When the payment holiday ends

At the end of the agreed payment holiday, you will continue to make payments. And you will need to agree with your lender a manageable way to make up the missed payments given your circumstances. Your lender will explain to you the options that they offer.

If you are still not able to make your full mortgage payments due to coronavirus, then it may offer you a further payment holiday if appropriate to your circumstances.

Your credit score

FCA guidance makes clear to firms that they should ensure that taking a payment holiday will not impact your credit score.

Agreeing the payment holiday

Lenders are expected to offer payment holidays to borrowers who may experience payment difficulties as a result of the coronavirus.
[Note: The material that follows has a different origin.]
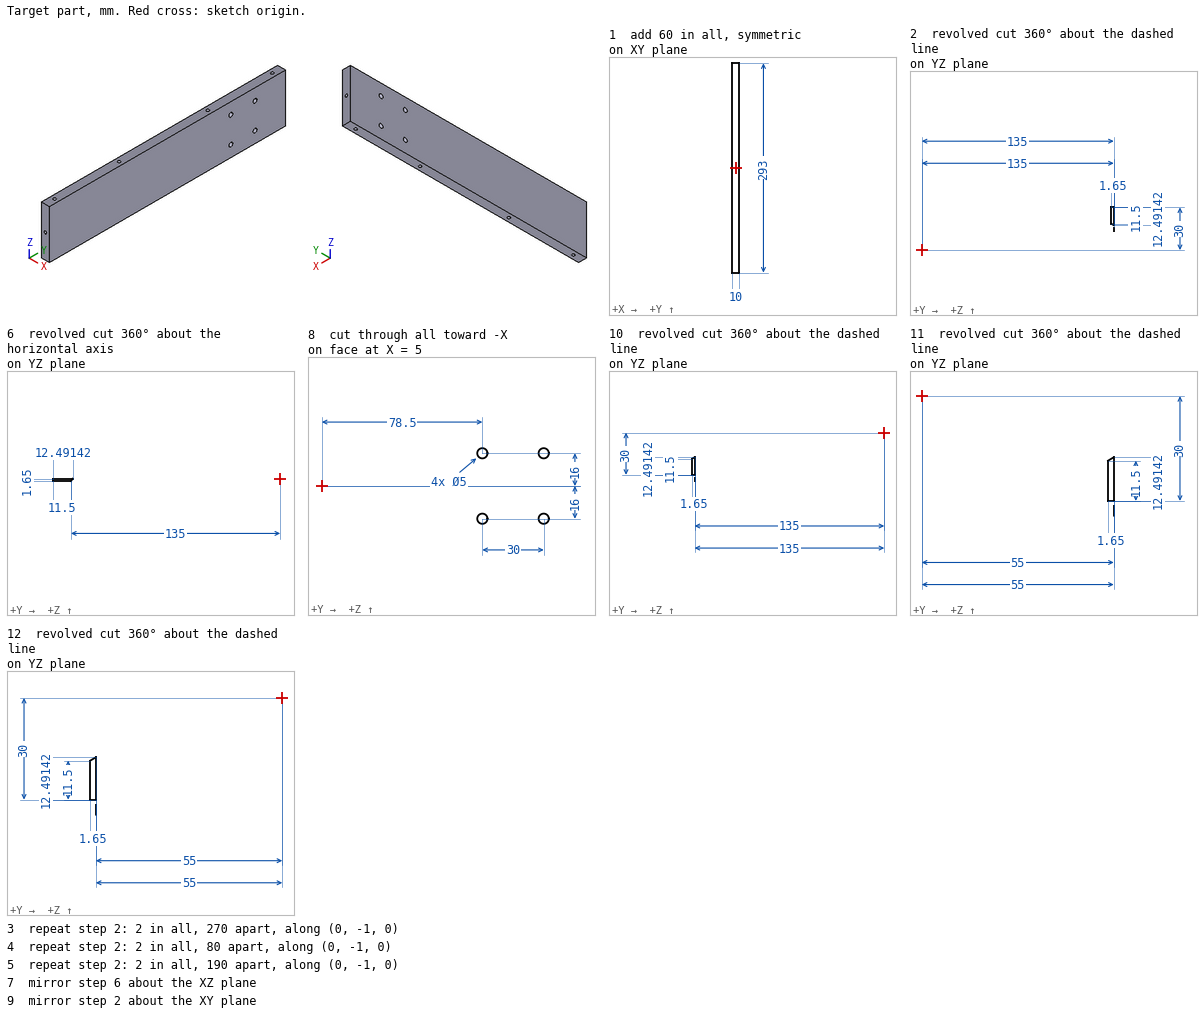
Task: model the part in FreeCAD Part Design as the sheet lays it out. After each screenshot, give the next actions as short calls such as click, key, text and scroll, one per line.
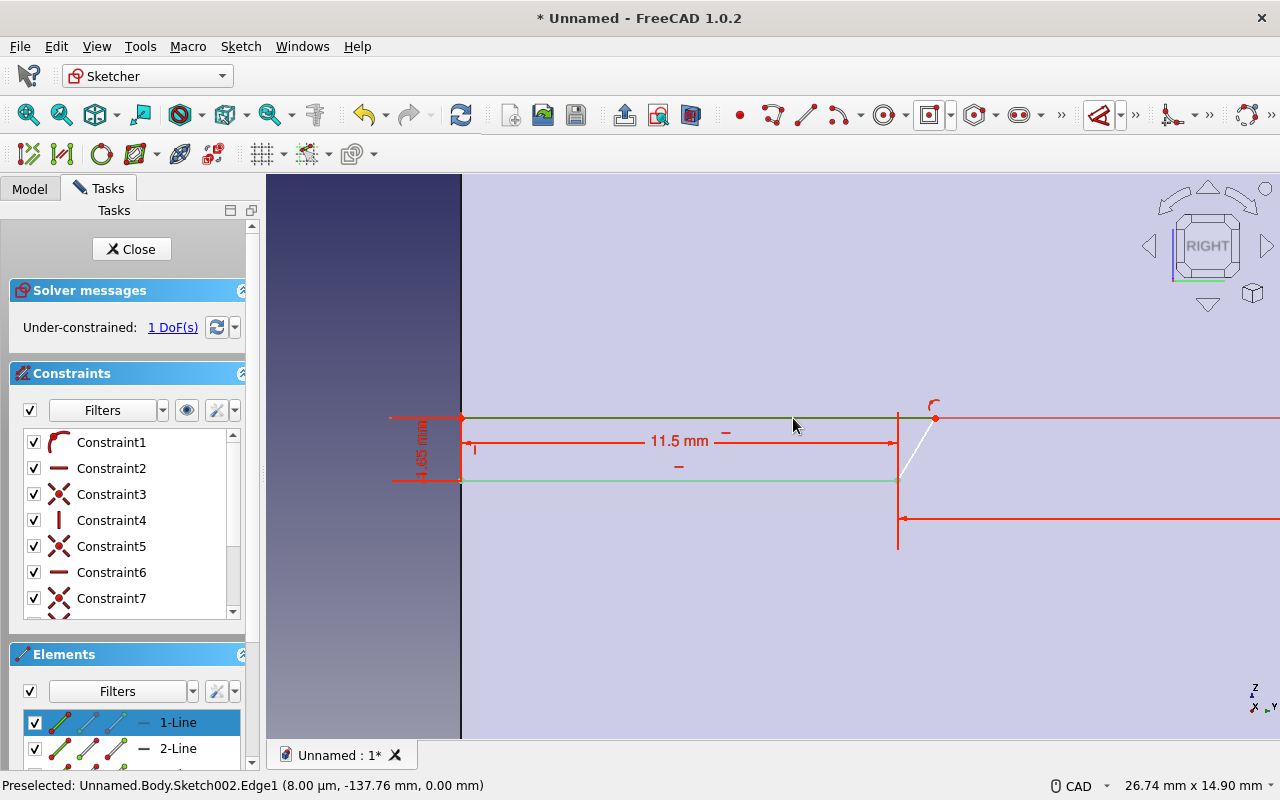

Many lenders have already committed to this.

Your lender may also offer other options if they are more appropriate for your circumstances, and where it is in your interest.
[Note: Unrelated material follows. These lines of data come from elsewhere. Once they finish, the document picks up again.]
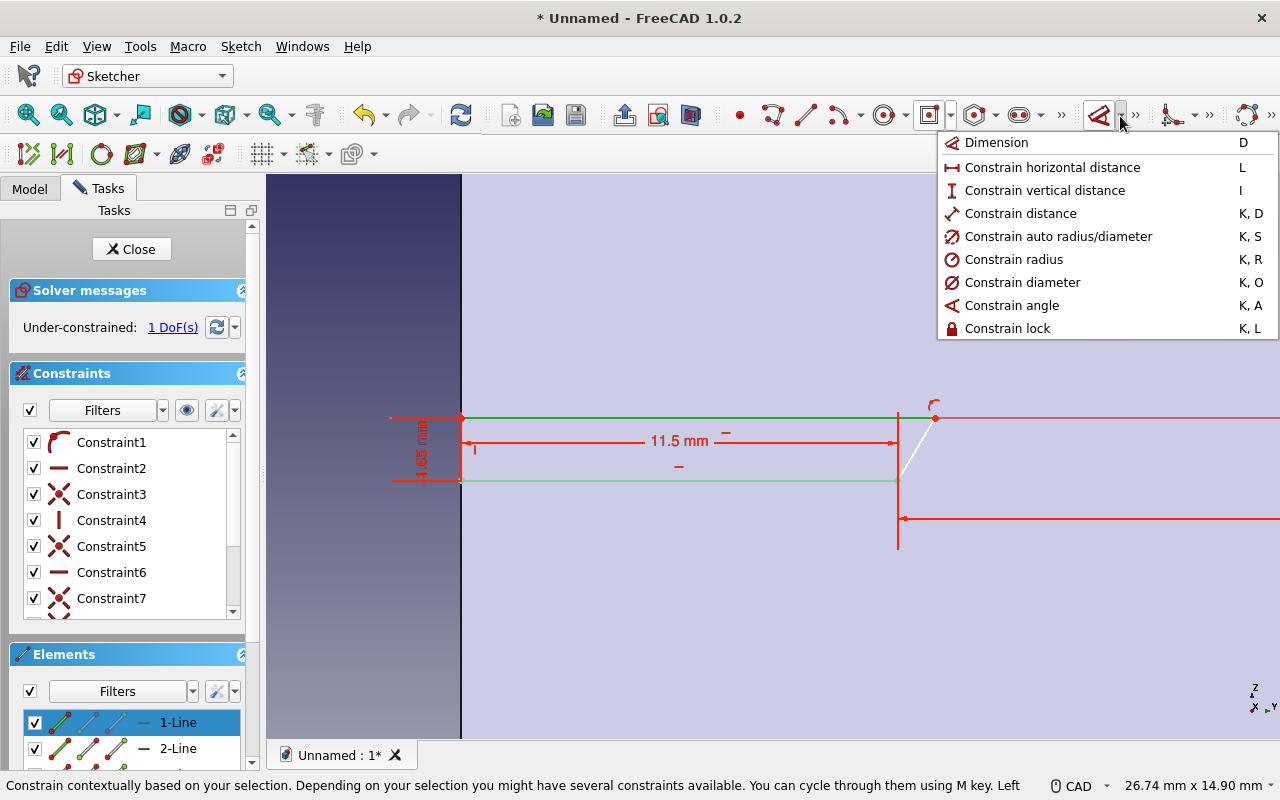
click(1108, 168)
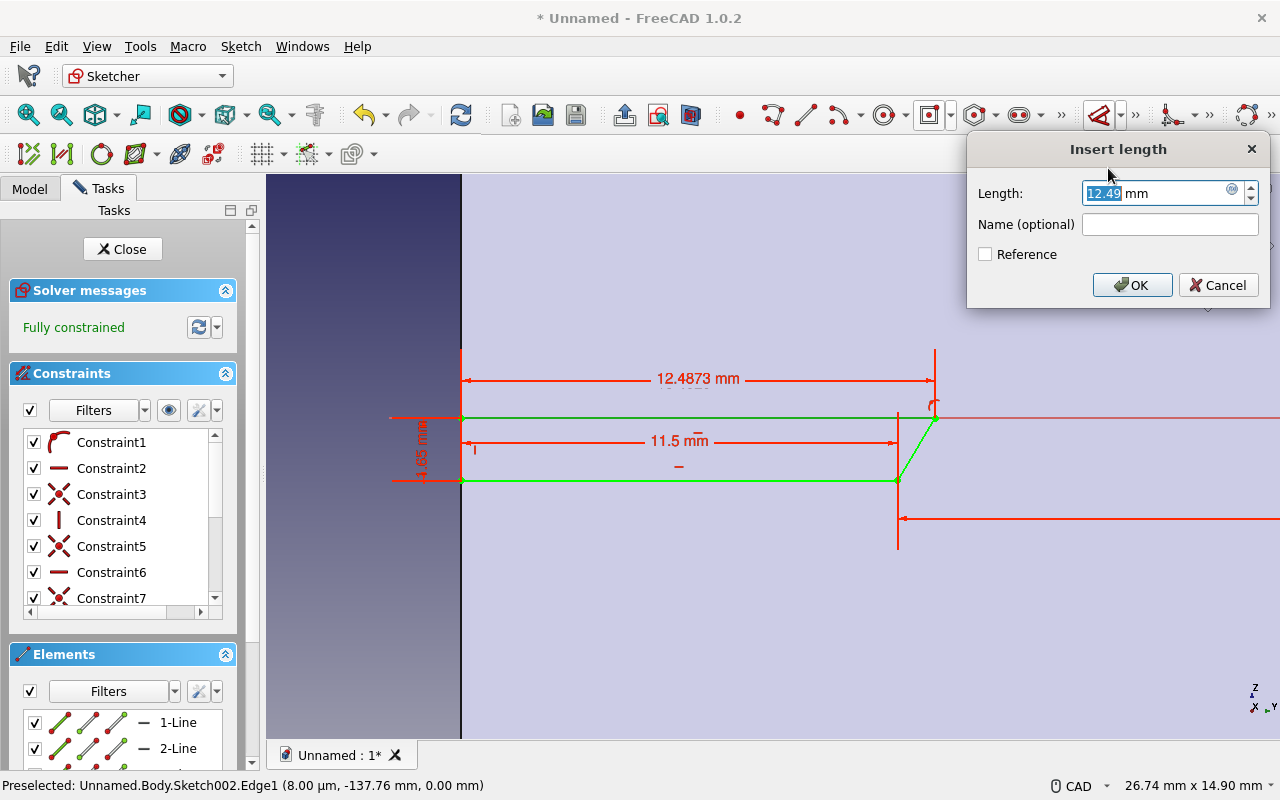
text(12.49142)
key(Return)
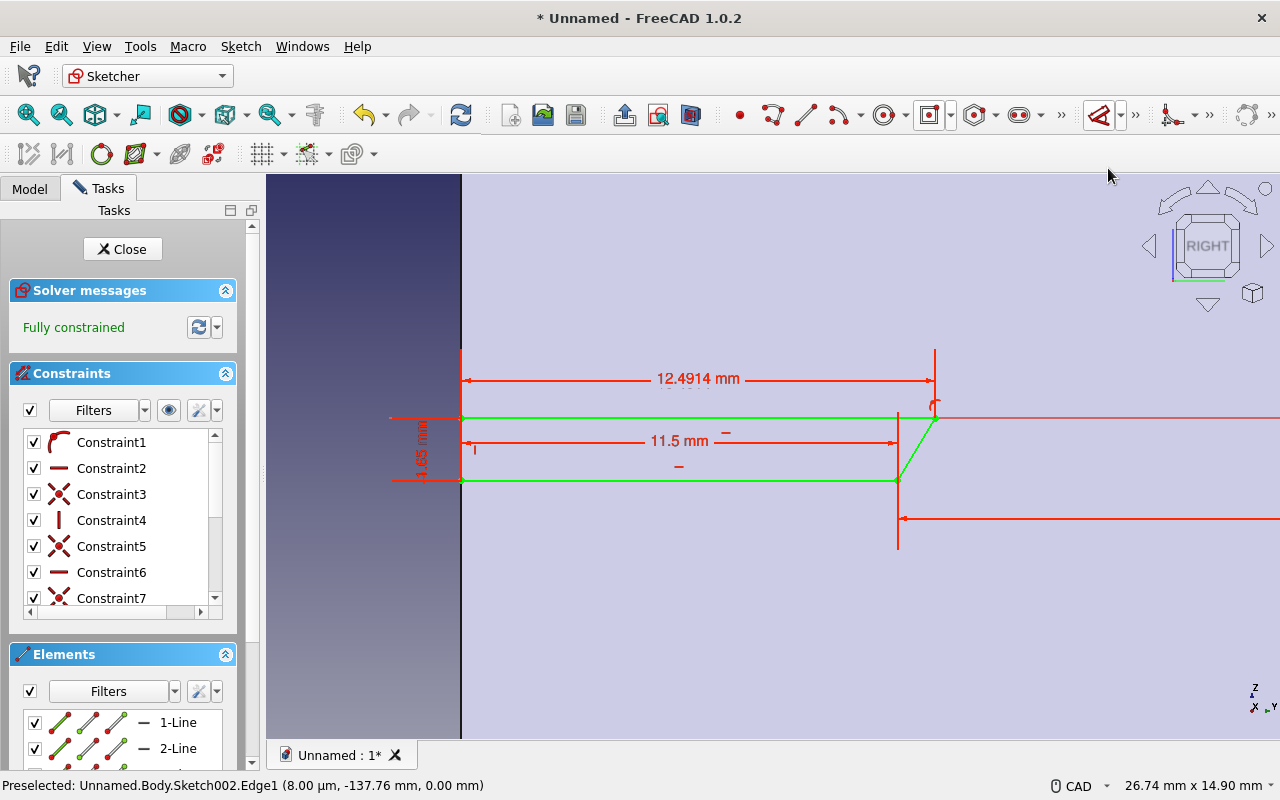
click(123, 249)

If you are behind with your mortgage payments

You can still have a payment holiday. You will need to discuss this with your lender. It will consider whether a payment holiday is appropriate as well as any measures that are already in place to help you through your payment difficulties.

How long do I have to apply for a mortgage holiday?

If you think you may experience payment difficulties and may need a payment holiday, you should speak to your lender in good time before the next payment is due. Please be considerate of others when contacting your lender and allow those with much closer dates into the queue first.

You can apply for a payment holiday at any time before this guidance is reviewed in 3 months. The payment holiday will not start, however, until it has been agreed with your lender.  

Contacting your lender at this time

Lenders have committed to responding as quickly as possible, but due to high levels of demand and staff having to work from home, service levels might be slower than usual.


Lenders are temporarily stopping repossession actions

During this current period of unprecedented uncertainty and upheaval the FCA do not think people should be at risk of losing their homes. They therefore expect lenders to stop repossession action. This applies to all mortgage borrowers at risk of repossession, whether or not their incomes are affected by coronavirus. Many lenders have already committed to this. 

If you already have a repossession order on your home

We would not expect the lender to go ahead with the repossession, unless you want them to. Please contact the lender to discuss your situation.   

Choosing for your home to be repossessed

You may choose for your home to be repossessed if you believe it’s in your best interest – for example, because you’ve already made plans for alternate accommodation. If this is the case, please contact your lender so that it knows this.

Interest during this period

You will continue to be charged interest on the amount you owe, plus any fees and charges you owe according to your lender’s tariff of charges.

Financial implications if repossession is stopped

The amount you owe will increase because interest will continue to be charged. This means that you are likely to get less back if and when your property is repossessed and then sold by your lender.

If property prices go down between now and the time your property is sold then you might get even less back, or nothing if your property is sold for less than you owe.

Your lender will be able to give you more information on how this affects you.

If you do not want repossession to be stopped, contact your lender immediately.

Who does this guidance apply to

To meet the challenges coronavirus could pose to borrowers the FCA expects all regulated mortgage lenders and administrators to comply with their guidance. 

Where there are companies that are unregulated (and technically out of scope of FCA guidance) that make decisions that affect mortgage borrowers, given the current emergency, they are expected to adopt this guidance on a voluntary basis as an appropriate response. Many of these firms are responsible for the mortgages of individuals often known as ‘mortgage prisoners’, who could be vulnerable.

The FCA will consider the extent to which they have adopted this guidance in assessing the FCA's regulatory approach and whether those companies, or senior individuals within those firms, are fit and proper as part of any future application for authorisation.